<<<<

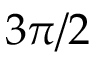Convert formula to latex. <formula><loc_0><loc_0><loc_500><loc_500>3 \pi / 2</formula> 
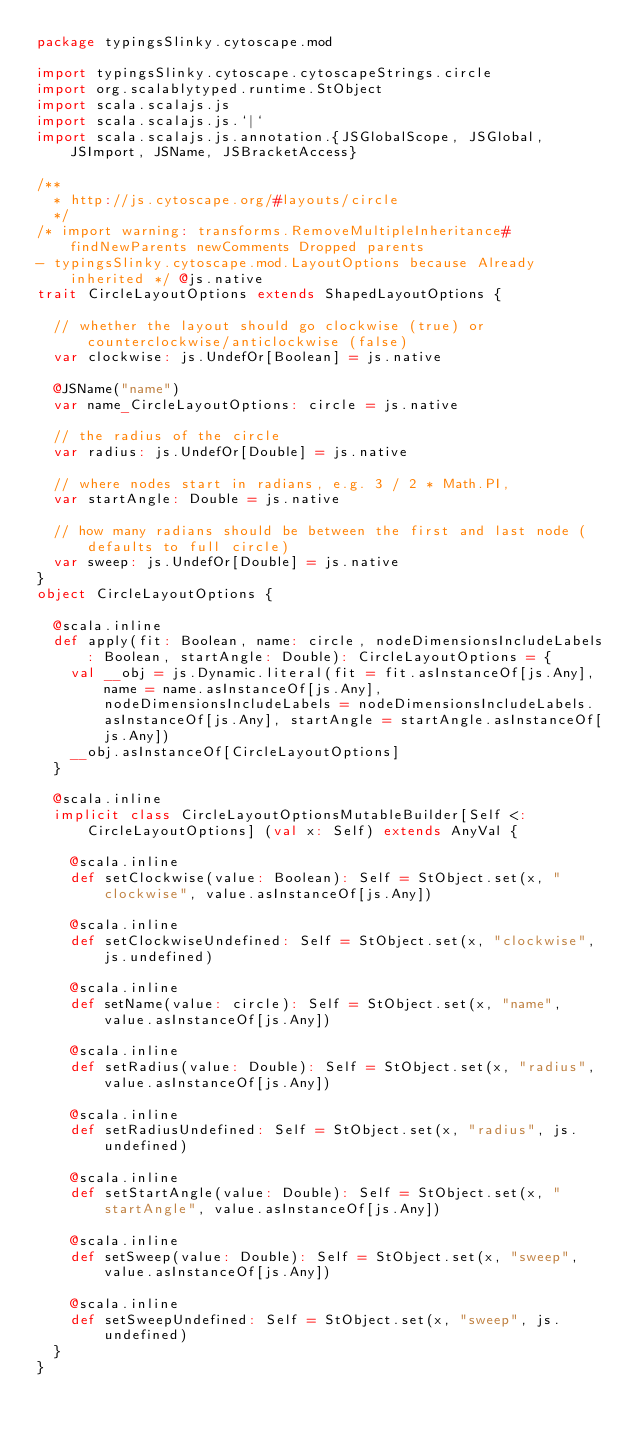<code> <loc_0><loc_0><loc_500><loc_500><_Scala_>package typingsSlinky.cytoscape.mod

import typingsSlinky.cytoscape.cytoscapeStrings.circle
import org.scalablytyped.runtime.StObject
import scala.scalajs.js
import scala.scalajs.js.`|`
import scala.scalajs.js.annotation.{JSGlobalScope, JSGlobal, JSImport, JSName, JSBracketAccess}

/**
  * http://js.cytoscape.org/#layouts/circle
  */
/* import warning: transforms.RemoveMultipleInheritance#findNewParents newComments Dropped parents 
- typingsSlinky.cytoscape.mod.LayoutOptions because Already inherited */ @js.native
trait CircleLayoutOptions extends ShapedLayoutOptions {
  
  // whether the layout should go clockwise (true) or counterclockwise/anticlockwise (false)
  var clockwise: js.UndefOr[Boolean] = js.native
  
  @JSName("name")
  var name_CircleLayoutOptions: circle = js.native
  
  // the radius of the circle
  var radius: js.UndefOr[Double] = js.native
  
  // where nodes start in radians, e.g. 3 / 2 * Math.PI,
  var startAngle: Double = js.native
  
  // how many radians should be between the first and last node (defaults to full circle)
  var sweep: js.UndefOr[Double] = js.native
}
object CircleLayoutOptions {
  
  @scala.inline
  def apply(fit: Boolean, name: circle, nodeDimensionsIncludeLabels: Boolean, startAngle: Double): CircleLayoutOptions = {
    val __obj = js.Dynamic.literal(fit = fit.asInstanceOf[js.Any], name = name.asInstanceOf[js.Any], nodeDimensionsIncludeLabels = nodeDimensionsIncludeLabels.asInstanceOf[js.Any], startAngle = startAngle.asInstanceOf[js.Any])
    __obj.asInstanceOf[CircleLayoutOptions]
  }
  
  @scala.inline
  implicit class CircleLayoutOptionsMutableBuilder[Self <: CircleLayoutOptions] (val x: Self) extends AnyVal {
    
    @scala.inline
    def setClockwise(value: Boolean): Self = StObject.set(x, "clockwise", value.asInstanceOf[js.Any])
    
    @scala.inline
    def setClockwiseUndefined: Self = StObject.set(x, "clockwise", js.undefined)
    
    @scala.inline
    def setName(value: circle): Self = StObject.set(x, "name", value.asInstanceOf[js.Any])
    
    @scala.inline
    def setRadius(value: Double): Self = StObject.set(x, "radius", value.asInstanceOf[js.Any])
    
    @scala.inline
    def setRadiusUndefined: Self = StObject.set(x, "radius", js.undefined)
    
    @scala.inline
    def setStartAngle(value: Double): Self = StObject.set(x, "startAngle", value.asInstanceOf[js.Any])
    
    @scala.inline
    def setSweep(value: Double): Self = StObject.set(x, "sweep", value.asInstanceOf[js.Any])
    
    @scala.inline
    def setSweepUndefined: Self = StObject.set(x, "sweep", js.undefined)
  }
}
</code> 
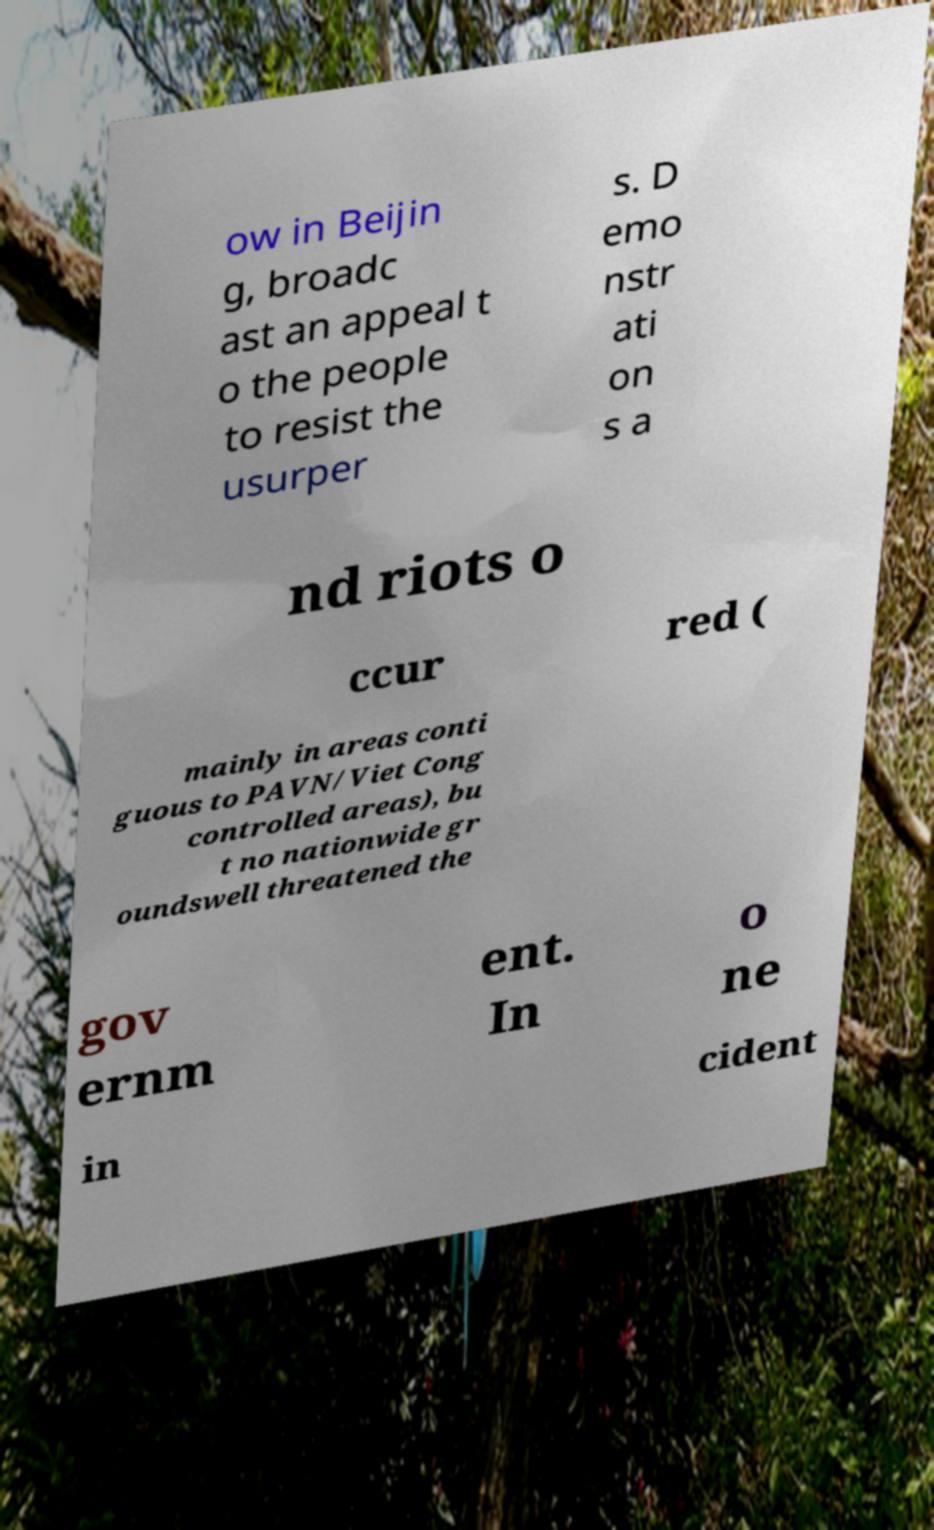What messages or text are displayed in this image? I need them in a readable, typed format. ow in Beijin g, broadc ast an appeal t o the people to resist the usurper s. D emo nstr ati on s a nd riots o ccur red ( mainly in areas conti guous to PAVN/Viet Cong controlled areas), bu t no nationwide gr oundswell threatened the gov ernm ent. In o ne in cident

>>>>

* _Task directions_
Give the records again exactly, minus the pictures.

* _Task solution_
Convert formula to latex. <formula><loc_0><loc_0><loc_500><loc_500>3 \pi / 2</formula> 
<code> <loc_0><loc_0><loc_500><loc_500><_Scala_>package typingsSlinky.cytoscape.mod

import typingsSlinky.cytoscape.cytoscapeStrings.circle
import org.scalablytyped.runtime.StObject
import scala.scalajs.js
import scala.scalajs.js.`|`
import scala.scalajs.js.annotation.{JSGlobalScope, JSGlobal, JSImport, JSName, JSBracketAccess}

/**
  * http://js.cytoscape.org/#layouts/circle
  */
/* import warning: transforms.RemoveMultipleInheritance#findNewParents newComments Dropped parents 
- typingsSlinky.cytoscape.mod.LayoutOptions because Already inherited */ @js.native
trait CircleLayoutOptions extends ShapedLayoutOptions {
  
  // whether the layout should go clockwise (true) or counterclockwise/anticlockwise (false)
  var clockwise: js.UndefOr[Boolean] = js.native
  
  @JSName("name")
  var name_CircleLayoutOptions: circle = js.native
  
  // the radius of the circle
  var radius: js.UndefOr[Double] = js.native
  
  // where nodes start in radians, e.g. 3 / 2 * Math.PI,
  var startAngle: Double = js.native
  
  // how many radians should be between the first and last node (defaults to full circle)
  var sweep: js.UndefOr[Double] = js.native
}
object CircleLayoutOptions {
  
  @scala.inline
  def apply(fit: Boolean, name: circle, nodeDimensionsIncludeLabels: Boolean, startAngle: Double): CircleLayoutOptions = {
    val __obj = js.Dynamic.literal(fit = fit.asInstanceOf[js.Any], name = name.asInstanceOf[js.Any], nodeDimensionsIncludeLabels = nodeDimensionsIncludeLabels.asInstanceOf[js.Any], startAngle = startAngle.asInstanceOf[js.Any])
    __obj.asInstanceOf[CircleLayoutOptions]
  }
  
  @scala.inline
  implicit class CircleLayoutOptionsMutableBuilder[Self <: CircleLayoutOptions] (val x: Self) extends AnyVal {
    
    @scala.inline
    def setClockwise(value: Boolean): Self = StObject.set(x, "clockwise", value.asInstanceOf[js.Any])
    
    @scala.inline
    def setClockwiseUndefined: Self = StObject.set(x, "clockwise", js.undefined)
    
    @scala.inline
    def setName(value: circle): Self = StObject.set(x, "name", value.asInstanceOf[js.Any])
    
    @scala.inline
    def setRadius(value: Double): Self = StObject.set(x, "radius", value.asInstanceOf[js.Any])
    
    @scala.inline
    def setRadiusUndefined: Self = StObject.set(x, "radius", js.undefined)
    
    @scala.inline
    def setStartAngle(value: Double): Self = StObject.set(x, "startAngle", value.asInstanceOf[js.Any])
    
    @scala.inline
    def setSweep(value: Double): Self = StObject.set(x, "sweep", value.asInstanceOf[js.Any])
    
    @scala.inline
    def setSweepUndefined: Self = StObject.set(x, "sweep", js.undefined)
  }
}
</code> 
What messages or text are displayed in this image? I need them in a readable, typed format. ow in Beijin g, broadc ast an appeal t o the people to resist the usurper s. D emo nstr ati on s a nd riots o ccur red ( mainly in areas conti guous to PAVN/Viet Cong controlled areas), bu t no nationwide gr oundswell threatened the gov ernm ent. In o ne in cident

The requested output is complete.